Overcoming Obstacles to Cyberspace Threat Intelligence
By Chief Warrant Officer 2 Travis M. Whitesel and Mr.Joseph Rudell
Article published on: July 2024 in the Engineer 2024 Annual issue
Read Time: < 9 mins
Discussion of the commercial products and services in this article does not imply any endorsement by the U.S.
Army, the U.S. Army Intelligence Center of Excellence, or any U.S. government agency.
This article is primarily relevant to intelligence professionals supporting cyberspace operations at the U.S.
Army Cyber Command and the U.S. Army Network Enterprise Technology Command. However, with the intelligence
profession's continuing expansion and overlap into the cyberspace domain, the article will serve as a
primer for discussion about obstacles facing those in the digital fight.
Introduction
The U.S. Army Network Enterprise Technology Command (NETCOM) G-2 is developing and implementing cyberspace threat
intelligence (CTI) techniques to protect the Department of Defense Information Network-Army (DoDIN-A). However,
current challenges with the incident management and reporting processes hinder the intelligence community's
ability to provide relevant and predictive intelligence to drive operations.
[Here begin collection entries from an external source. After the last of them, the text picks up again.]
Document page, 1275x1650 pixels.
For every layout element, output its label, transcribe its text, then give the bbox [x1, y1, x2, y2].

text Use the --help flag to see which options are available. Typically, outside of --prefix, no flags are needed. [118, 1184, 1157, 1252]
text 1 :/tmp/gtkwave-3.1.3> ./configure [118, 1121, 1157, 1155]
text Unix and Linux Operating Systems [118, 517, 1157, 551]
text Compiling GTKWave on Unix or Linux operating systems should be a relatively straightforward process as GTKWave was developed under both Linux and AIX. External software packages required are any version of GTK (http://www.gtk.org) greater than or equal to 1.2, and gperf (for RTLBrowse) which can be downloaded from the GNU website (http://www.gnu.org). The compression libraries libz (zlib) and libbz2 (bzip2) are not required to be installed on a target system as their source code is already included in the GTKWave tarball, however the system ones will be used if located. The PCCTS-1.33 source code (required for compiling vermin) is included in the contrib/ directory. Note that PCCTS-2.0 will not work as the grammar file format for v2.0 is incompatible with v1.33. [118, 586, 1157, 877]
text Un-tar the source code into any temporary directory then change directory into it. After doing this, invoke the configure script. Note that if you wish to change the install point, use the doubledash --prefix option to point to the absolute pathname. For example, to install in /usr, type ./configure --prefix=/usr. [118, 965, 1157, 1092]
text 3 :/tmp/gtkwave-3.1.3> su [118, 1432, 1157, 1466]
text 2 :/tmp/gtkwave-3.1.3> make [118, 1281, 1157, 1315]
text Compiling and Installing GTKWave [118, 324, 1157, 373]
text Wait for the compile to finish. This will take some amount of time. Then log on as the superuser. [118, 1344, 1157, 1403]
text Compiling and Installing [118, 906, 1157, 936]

This article captures the lessons
learned and obstacles identified by NETCOM G-2 while implementing new tactics, techniques, and procedures. The
article also conveys recommendations assisting the signal community with enabling CTI for improved threat
visibility within the cyberspace domain.
Issues of the Cyberspace Domain
Current challenges with the cyberspace domain's incident management process include:
- Lack of investment in a unified toolset for incident management.
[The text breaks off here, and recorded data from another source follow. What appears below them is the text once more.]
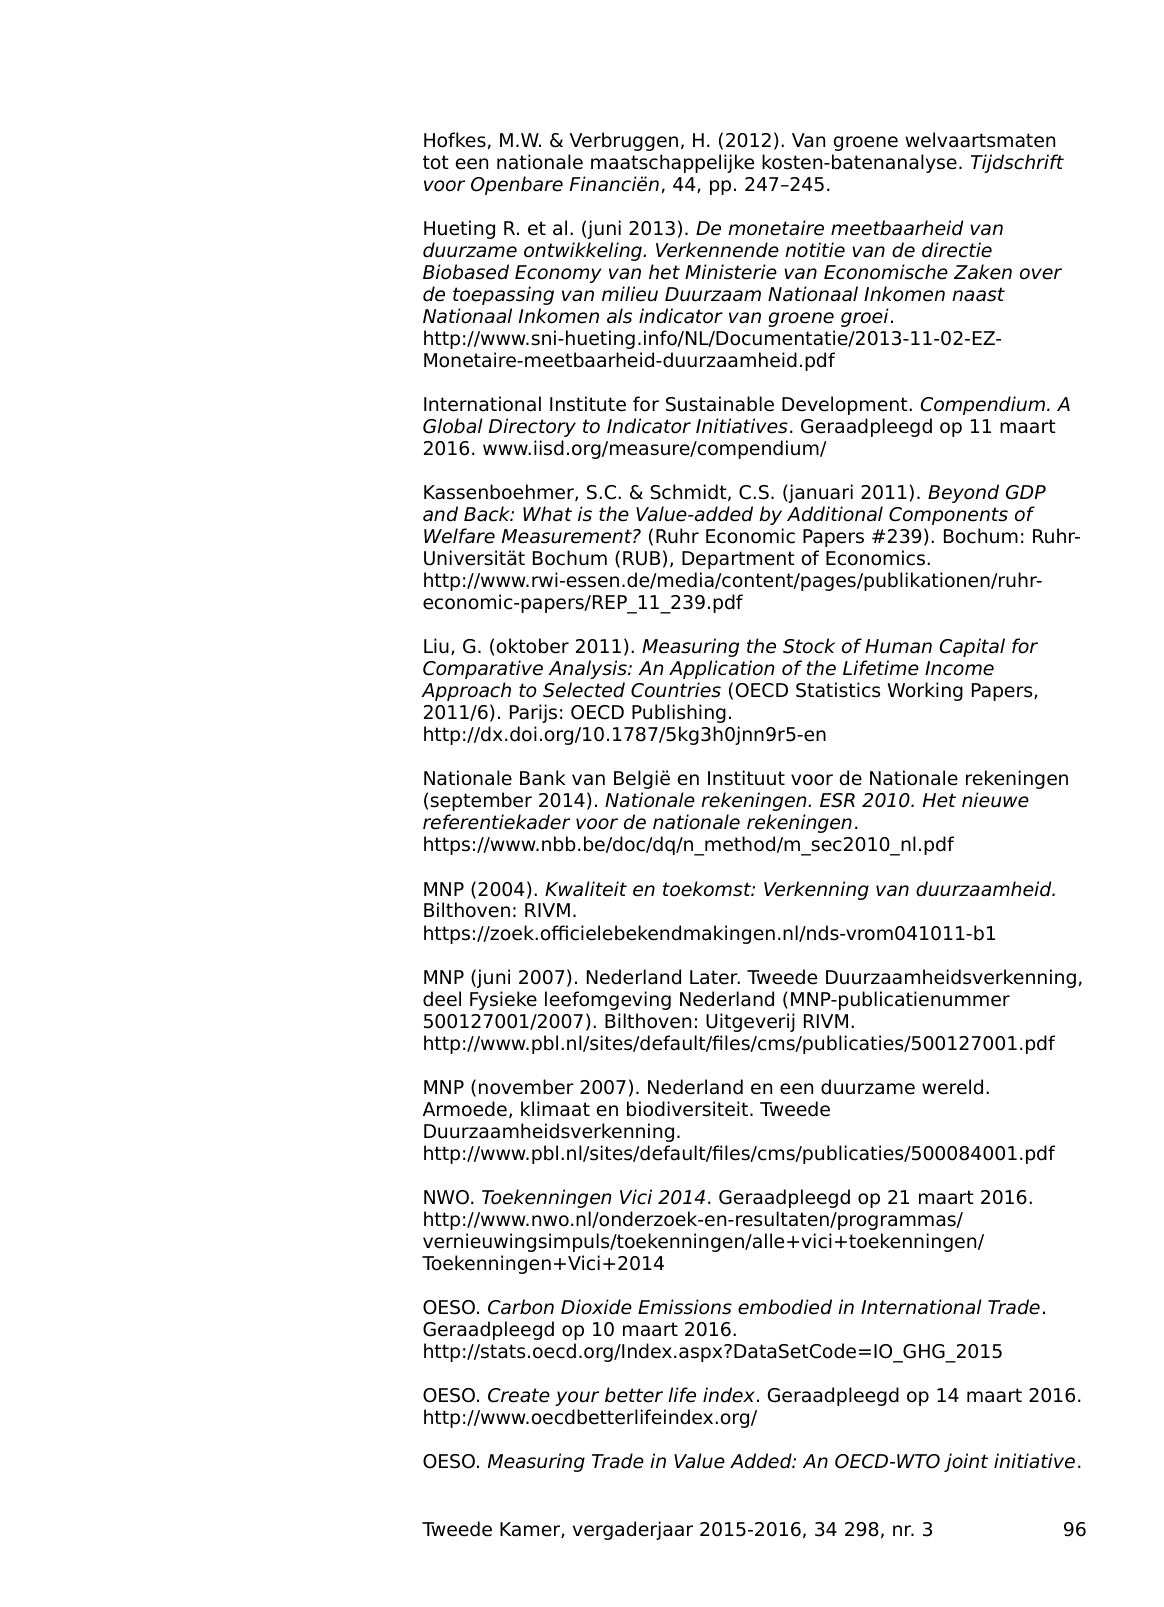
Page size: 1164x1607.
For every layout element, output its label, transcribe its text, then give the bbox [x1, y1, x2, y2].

text OESO. Carbon Dioxide Emissions embodied in International Trade. Geraadpleegd op 10 maart 2016. [422, 1297, 1087, 1341]
text http://www.oecdbetterlifeindex.org/ [422, 1407, 1087, 1429]
text http://www.pbl.nl/sites/default/files/cms/publicaties/500084001.pdf [422, 1143, 1087, 1164]
text Liu, G. (oktober 2011). Measuring the Stock of Human Capital for Comparative Analysis: An Application of the Lifetime Income Approach to Selected Countries (OECD Statistics Working Papers, 2011/6). Parijs: OECD Publishing. [422, 636, 1087, 724]
text http://dx.doi.org/10.1787/5kg3h0jnn9r5-en [422, 724, 1087, 746]
text http://www.rwi-essen.de/media/content/pages/publikationen/ruhr-economic-papers/REP_11_239.pdf [422, 570, 1087, 614]
text http://stats.oecd.org/Index.aspx?DataSetCode=IO_GHG_2015 [422, 1341, 1087, 1363]
text http://www.nwo.nl/onderzoek-en-resultaten/programmas/vernieuwingsimpuls/toekenningen/alle+vici+toekenningen/Toekenningen+Vici+2014 [422, 1209, 1087, 1275]
text Hueting R. et al. (juni 2013). De monetaire meetbaarheid van duurzame ontwikkeling. Verkennende notitie van de directie Biobased Economy van het Ministerie van Economische Zaken over de toepassing van milieu Duurzaam Nationaal Inkomen naast Nationaal Inkomen als indicator van groene groei. [422, 218, 1087, 328]
text http://www.pbl.nl/sites/default/files/cms/publicaties/500127001.pdf [422, 1032, 1087, 1054]
text NWO. Toekenningen Vici 2014. Geraadpleegd op 21 maart 2016. [422, 1187, 1087, 1209]
text https://www.nbb.be/doc/dq/n_method/m_sec2010_nl.pdf [422, 834, 1087, 856]
text OESO. Measuring Trade in Value Added: An OECD-WTO joint initiative. [422, 1451, 1087, 1473]
text Kassenboehmer, S.C. & Schmidt, C.S. (januari 2011). Beyond GDP and Back: What is the Value-added by Additional Components of Welfare Measurement? (Ruhr Economic Papers #239). Bochum: Ruhr-Universität Bochum (RUB), Department of Economics. [422, 482, 1087, 570]
text Hofkes, M.W. & Verbruggen, H. (2012). Van groene welvaartsmaten tot een nationale maatschappelijke kosten-batenanalyse. Tijdschrift voor Openbare Financiën, 44, pp. 247–245. [422, 130, 1087, 196]
text MNP (juni 2007). Nederland Later. Tweede Duurzaamheidsverkenning, deel Fysieke leefomgeving Nederland (MNP-publicatienummer 500127001/2007). Bilthoven: Uitgeverij RIVM. [422, 967, 1087, 1032]
text International Institute for Sustainable Development. Compendium. A Global Directory to Indicator Initiatives. Geraadpleegd op 11 maart 2016. www.iisd.org/measure/compendium/ [422, 394, 1087, 460]
text https://zoek.officielebekendmakingen.nl/nds-vrom041011-b1 [422, 922, 1087, 944]
text http://www.sni-hueting.info/NL/Documentatie/2013-11-02-EZ-Monetaire-meetbaarheid-duurzaamheid.pdf [422, 328, 1087, 372]
text MNP (november 2007). Nederland en een duurzame wereld. Armoede, klimaat en biodiversiteit. Tweede Duurzaamheidsverkenning. [422, 1077, 1087, 1143]
text Nationale Bank van België en Instituut voor de Nationale rekeningen (september 2014). Nationale rekeningen. ESR 2010. Het nieuwe referentiekader voor de nationale rekeningen. [422, 768, 1087, 834]
text MNP (2004). Kwaliteit en toekomst: Verkenning van duurzaamheid. Bilthoven: RIVM. [422, 878, 1087, 922]
text OESO. Create your better life index. Geraadpleegd op 14 maart 2016. [422, 1385, 1087, 1407]

- Lack of standardization in the reporting process.
- Misunderstanding of the role of intelligence within the process.
These obstacles significantly hinder predictive analysis and an in-depth examination of the domain's problem
sets. Resolving these problems will enable better protection and sustainment of the DoDIN-A.
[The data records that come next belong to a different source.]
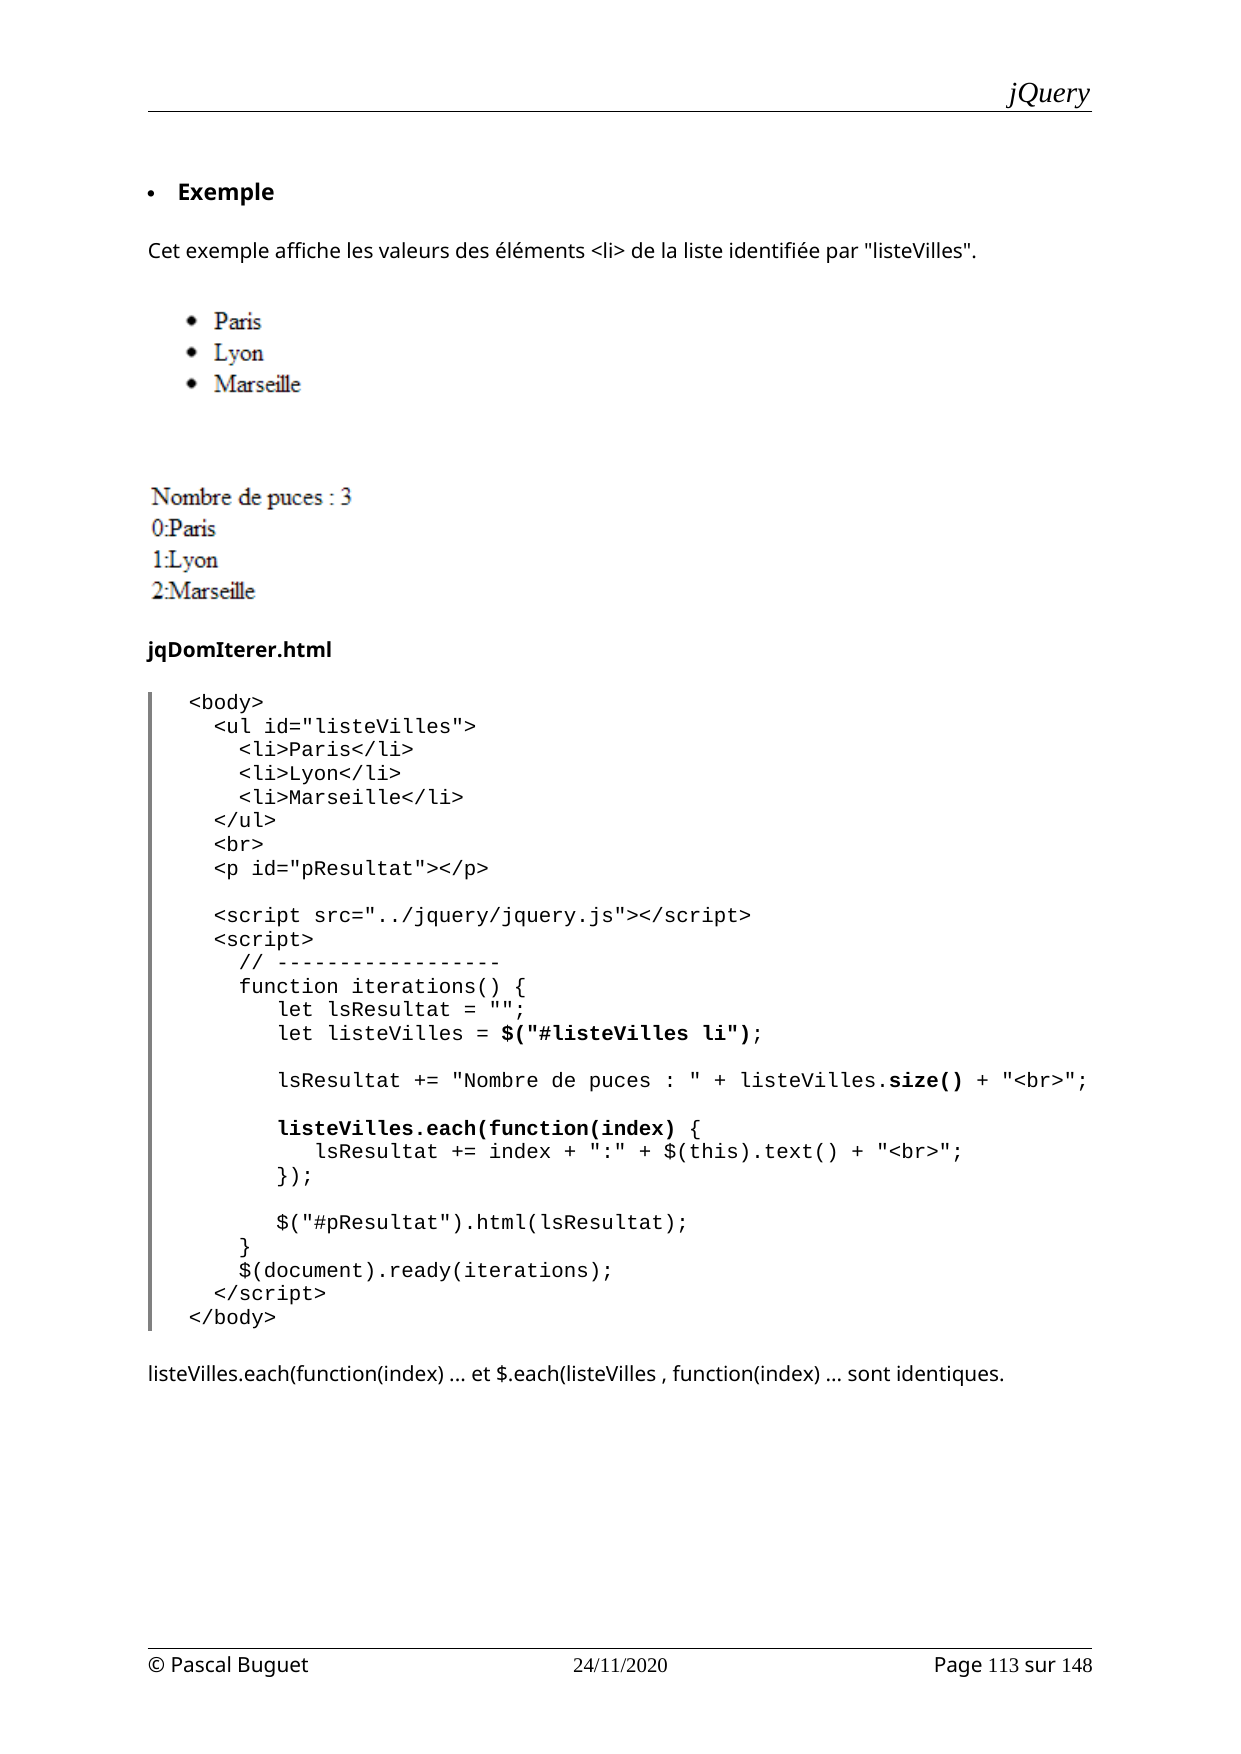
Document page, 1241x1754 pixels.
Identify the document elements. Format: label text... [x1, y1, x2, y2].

text lsResultat += index + ":" + $(this).text() + "<br>"; [152, 1141, 1092, 1165]
text lsResultat += "Nombre de puces : " + listeVilles.size() + "<br>"; [152, 1070, 1092, 1094]
text </script> [152, 1283, 1092, 1307]
text <li>Paris</li> [152, 739, 1092, 763]
text <ul id="listeVilles"> [152, 716, 1092, 739]
text <body> [152, 692, 1092, 716]
text <p id="pResultat"></p> [152, 858, 1092, 881]
text <script> [152, 928, 1092, 952]
text <br> [152, 834, 1092, 858]
text } [152, 1236, 1092, 1259]
text Cet exemple affiche les valeurs des éléments <li> de la liste identifiée par "listeVilles". [148, 236, 1092, 264]
text <li>Marseille</li> [152, 787, 1092, 810]
text listeVilles.each(function(index) ... et $.each(listeVilles , function(index) ... sont identiques. [148, 1359, 1092, 1387]
text $(document).ready(iterations); [152, 1259, 1092, 1283]
text let listeVilles = $("#listeVilles li"); [152, 1023, 1092, 1047]
text }); [152, 1165, 1092, 1189]
list Exemple [148, 176, 1092, 207]
text jqDomIterer.html [148, 635, 1092, 664]
text let lsResultat = ""; [152, 999, 1092, 1023]
text </ul> [152, 810, 1092, 834]
text function iterations() { [152, 976, 1092, 999]
text $("#pResultat").html(lsResultat); [152, 1212, 1092, 1236]
picture [147, 292, 360, 607]
text <li>Lyon</li> [152, 763, 1092, 787]
text <script src="../jquery/jquery.js"></script> [152, 905, 1092, 928]
text listeVilles.each(function(index) { [152, 1118, 1092, 1141]
text </body> [152, 1307, 1092, 1331]
text // ------------------ [152, 952, 1092, 976]
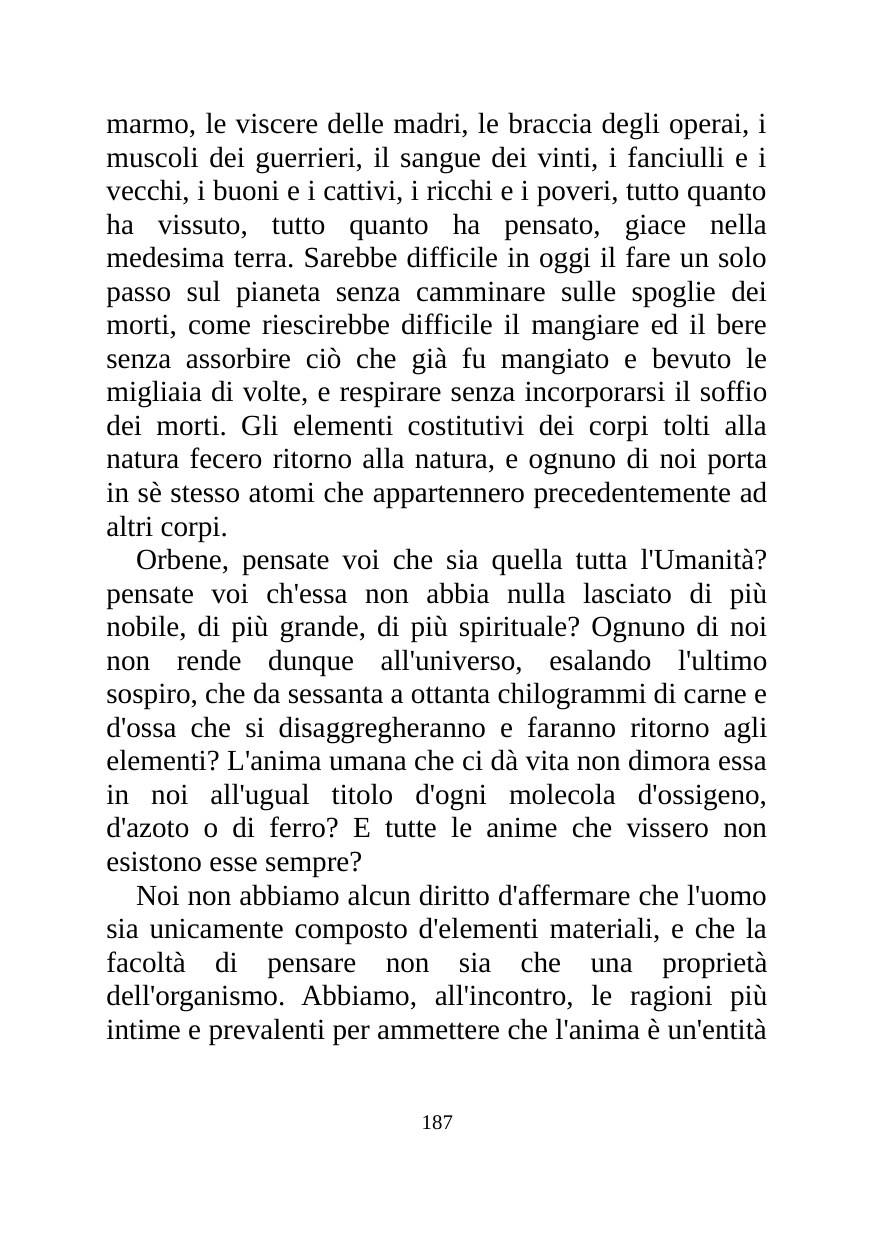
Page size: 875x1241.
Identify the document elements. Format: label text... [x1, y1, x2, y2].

Lack of Investment in a Unified Toolset. This failure to invest in a unified toolset for
incident management significantly affects reporting procedures because the incident management instrument is
different for each network provider.Government Accountability Office reporting highlights the problem,
indicating that in spite of investing $100 billion annually into information technology and cyberspace-related
infrastructure, the federal government has yet to achieve effective results.1 This failure to produce
practical outcomes is partially a product of not learning from past mistakes. Each incident on the DoDIN is an
opportunity to understand our visibility gaps, process failures, and configuration requirements. The approximate
12,000 cyberspace attacks against the Department of Defense (DoD) and defense industrial base since 2015
compound the issue, emphasizing the adversary's intent and capability.2 (NETCOM G-2 assesses
this number to be significantly higher.) A unified incident management toolset would provide insight into the
process failures and the threat's intent and capability, which would further improve the Army's response
through subsequent analysis. The incident management toolset is the primary entry point to capture information
about cyberspace attacks. Both industry and the various service components have proposed unified toolsets;
however, to date they have not captured requirements to collect the relevant information to enable future
analysis and data sharing.
Lack of Standardization in the Reporting Process. This failure to standardize incident
management reporting requires analysts to apply more strenuous analytic rigor to identify factors for creating
relevant and timely intelligence. Additionally, employing multiple toolsets coupled with the required fields and
descriptions of incidents varies across the DoDIN-A enterprise. These problems degrade the ability to diagnose
an incident with structured analytic techniques.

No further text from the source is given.